- [WORK REQUEST]: Locate, in the data below, the line that contains "object name: print" and the line that contains "description: Prent uit: Fliniaux, A."; reproduce exactly those two lines and every line between them, nothing more.

- [SUPPLIED MATERIAL]:
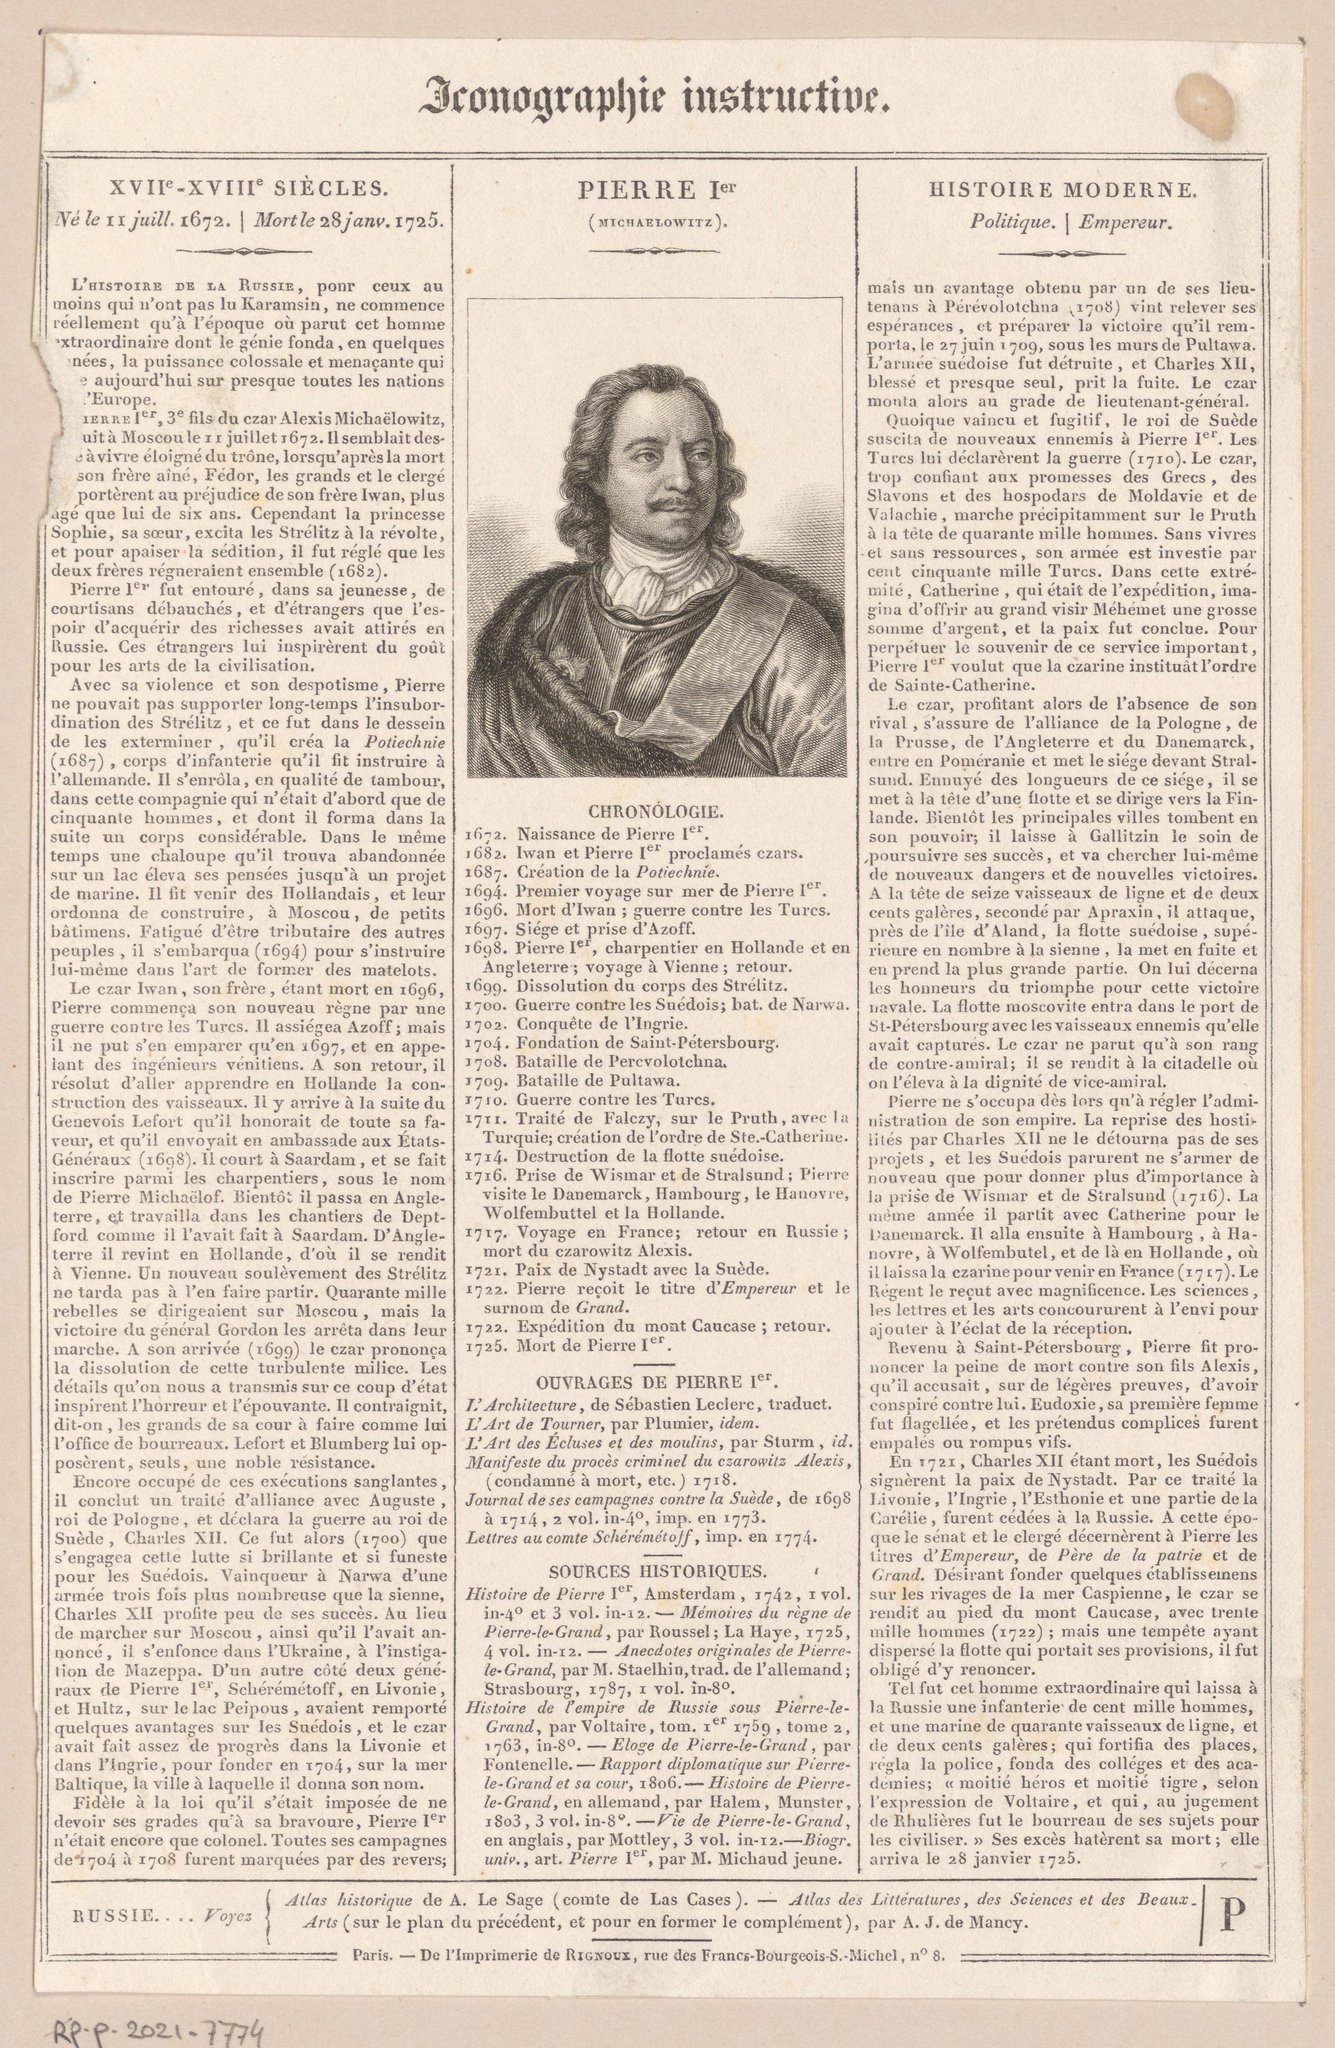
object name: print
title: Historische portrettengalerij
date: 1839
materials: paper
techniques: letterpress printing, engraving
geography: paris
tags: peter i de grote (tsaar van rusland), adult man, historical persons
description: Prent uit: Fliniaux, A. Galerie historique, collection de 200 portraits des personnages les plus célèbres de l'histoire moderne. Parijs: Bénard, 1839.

==

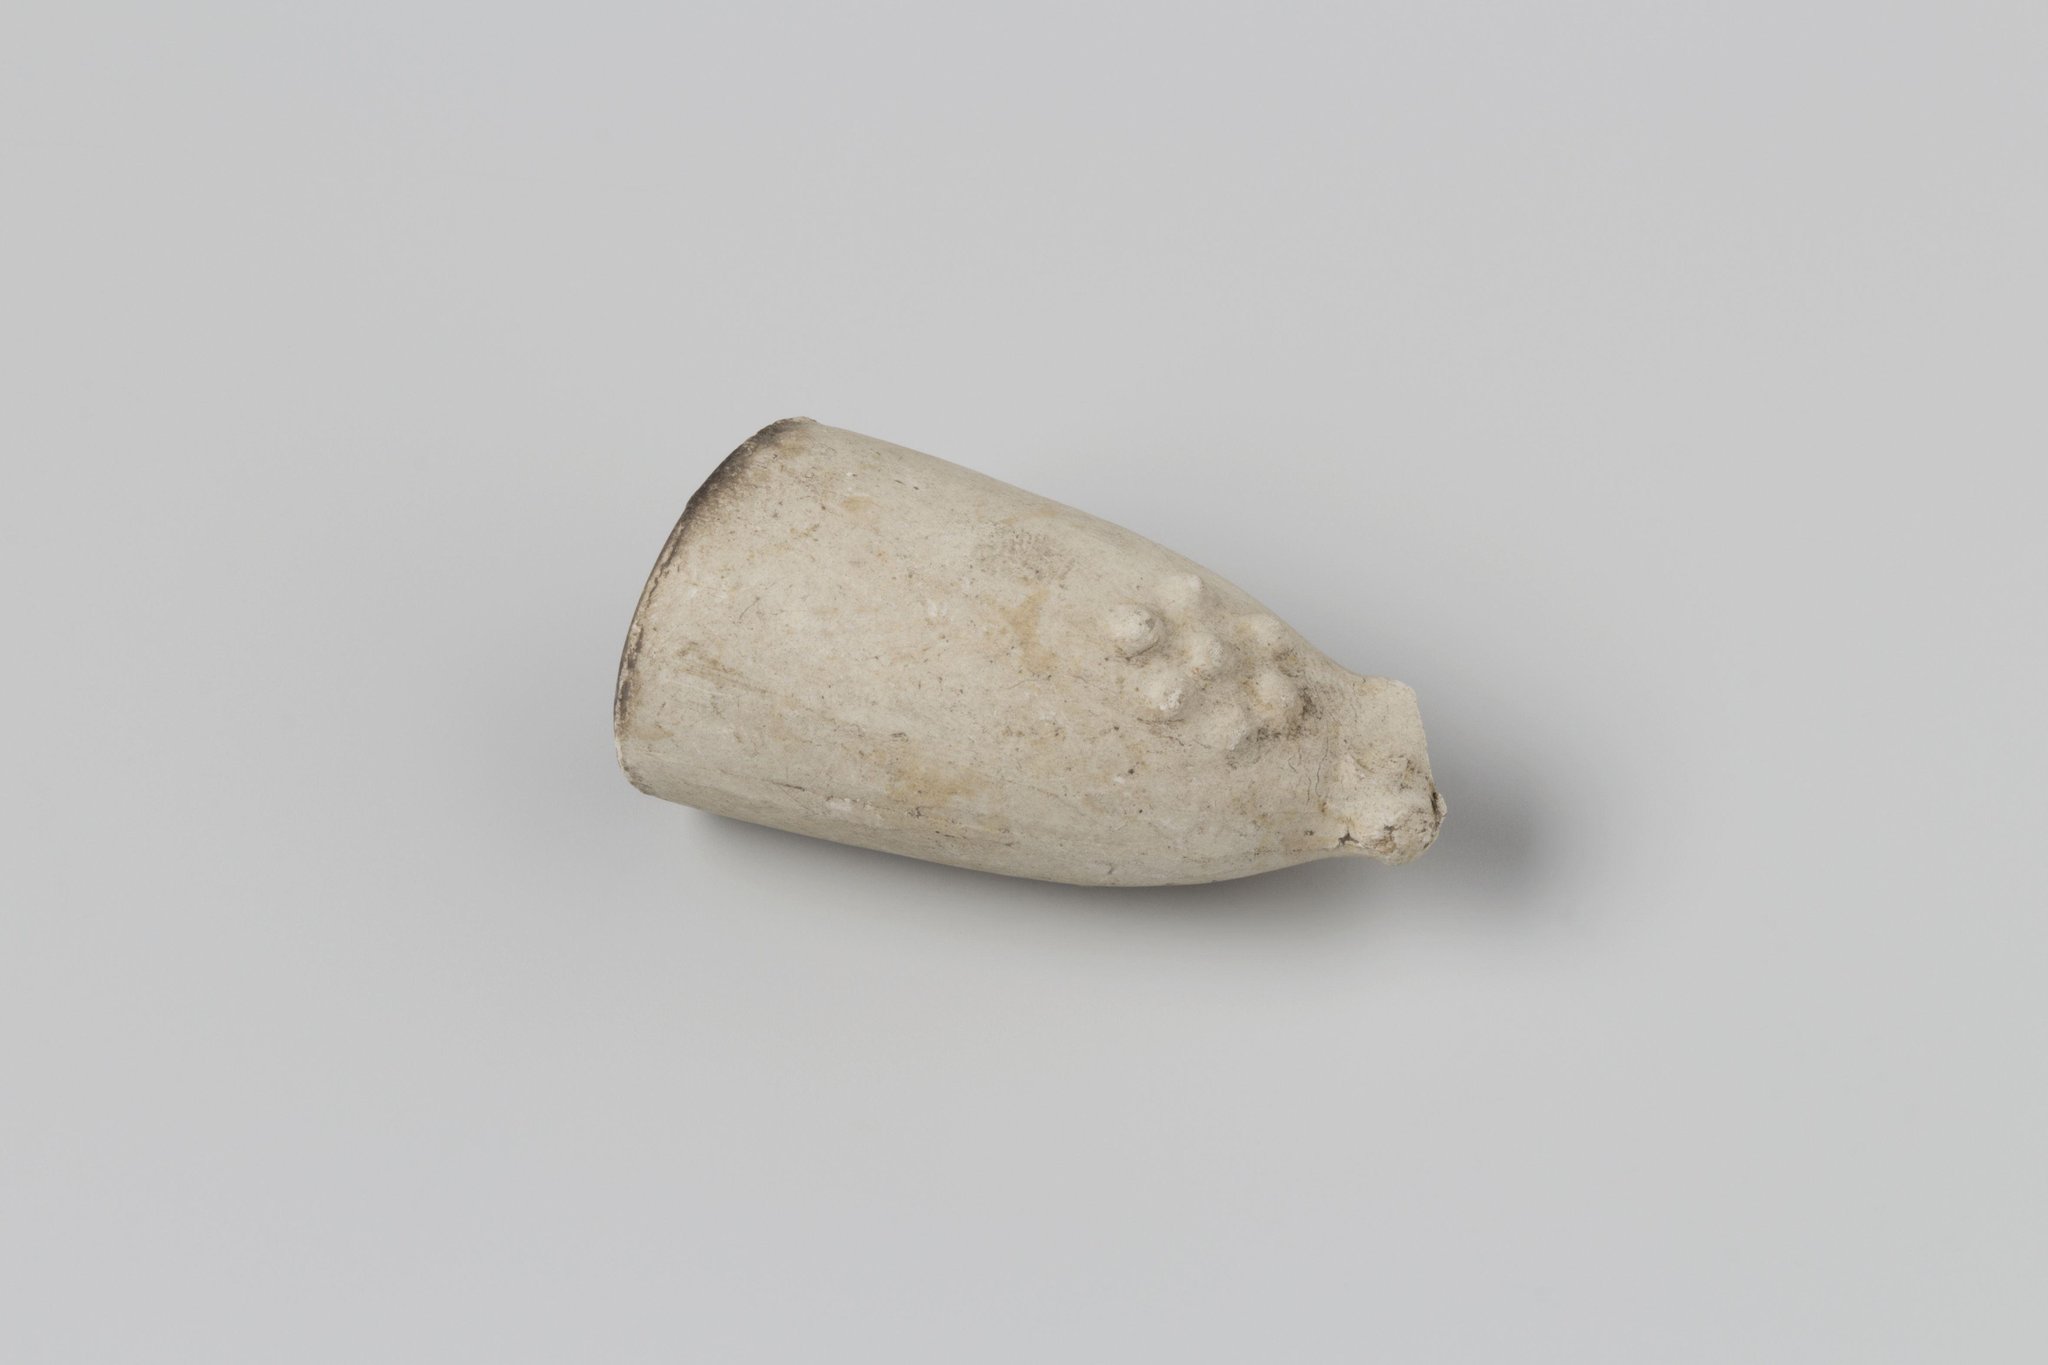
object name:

- [RESULT OF THIS EXERCISE]:
object name: print
title: Historische portrettengalerij
date: 1839
materials: paper
techniques: letterpress printing, engraving
geography: paris
tags: peter i de grote (tsaar van rusland), adult man, historical persons
description: Prent uit: Fliniaux, A. Galerie historique, collection de 200 portraits des personnages les plus célèbres de l'histoire moderne. Parijs: Bénard, 1839.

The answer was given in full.